Object Detection for Small Water Floater

Object Detection for Small Water Floater: Comparison

Please note this is a comparison between Version 1 by Fuxun Chen Chen and Version 3 by Peter Tang.

Object物体检测是无人机 detection is one of the most widely used applications in UAV missions. Detection of small objects in unmanned aerial vehicle (UAV) images remains a persistent challenge due to the limited pixel values and interference from background noise.（UAV）任务中使用最广泛的应用之一。
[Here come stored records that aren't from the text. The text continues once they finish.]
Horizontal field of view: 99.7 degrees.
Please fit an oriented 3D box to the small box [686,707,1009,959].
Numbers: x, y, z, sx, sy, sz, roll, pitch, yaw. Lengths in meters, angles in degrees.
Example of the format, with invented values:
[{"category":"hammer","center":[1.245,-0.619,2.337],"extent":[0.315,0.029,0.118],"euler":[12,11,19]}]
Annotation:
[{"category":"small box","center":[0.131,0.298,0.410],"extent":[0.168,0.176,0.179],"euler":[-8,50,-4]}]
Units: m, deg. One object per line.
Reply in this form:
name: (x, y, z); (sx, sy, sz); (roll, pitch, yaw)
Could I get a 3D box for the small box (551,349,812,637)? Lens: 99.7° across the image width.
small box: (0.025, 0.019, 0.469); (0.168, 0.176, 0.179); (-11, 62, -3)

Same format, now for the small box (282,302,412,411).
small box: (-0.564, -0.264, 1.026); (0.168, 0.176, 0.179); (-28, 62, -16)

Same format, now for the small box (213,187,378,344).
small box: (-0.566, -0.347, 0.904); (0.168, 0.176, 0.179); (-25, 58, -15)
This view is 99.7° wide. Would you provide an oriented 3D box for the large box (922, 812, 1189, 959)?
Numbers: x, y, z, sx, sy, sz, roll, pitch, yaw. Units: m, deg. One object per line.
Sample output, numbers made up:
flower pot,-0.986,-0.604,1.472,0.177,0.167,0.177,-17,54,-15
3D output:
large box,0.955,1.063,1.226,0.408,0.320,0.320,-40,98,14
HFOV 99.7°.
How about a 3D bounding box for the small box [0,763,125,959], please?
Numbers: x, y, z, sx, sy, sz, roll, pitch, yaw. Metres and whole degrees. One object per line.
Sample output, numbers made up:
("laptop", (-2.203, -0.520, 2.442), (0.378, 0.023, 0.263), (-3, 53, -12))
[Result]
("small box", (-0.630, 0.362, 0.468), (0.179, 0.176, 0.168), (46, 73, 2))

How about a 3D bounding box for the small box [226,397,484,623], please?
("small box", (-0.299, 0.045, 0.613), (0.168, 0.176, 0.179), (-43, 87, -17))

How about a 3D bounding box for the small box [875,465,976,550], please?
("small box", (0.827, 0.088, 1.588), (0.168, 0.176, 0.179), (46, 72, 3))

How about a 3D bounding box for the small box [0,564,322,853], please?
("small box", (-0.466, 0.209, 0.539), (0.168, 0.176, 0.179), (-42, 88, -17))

由于像素值有限和背景噪声的干扰，检测无人机图像中的小物体仍然是一个持续的挑战。

small objects
object detection
improved YOLOv5
water surface floaters
UAV images

1. Introduction

Water is the source of life, and oceans and rivers cover about 71% of the Earth’s area [1]. Rivers constitute a vital component of the global water cycle and serve a crucial function in facilitating the transfer [2]. However, recent global economic expansion and urbanization have caused significant damage to the natural environment [3] and severe water pollution [4]. Therefore, real-time monitoring of water environments has become crucial due to the ongoing deterioration of water quality. At present, the water’s surface is susceptible to problems, such as exposure or dim light due to the intensity of sunlight, which results in less information about the target features and difficult recognition results.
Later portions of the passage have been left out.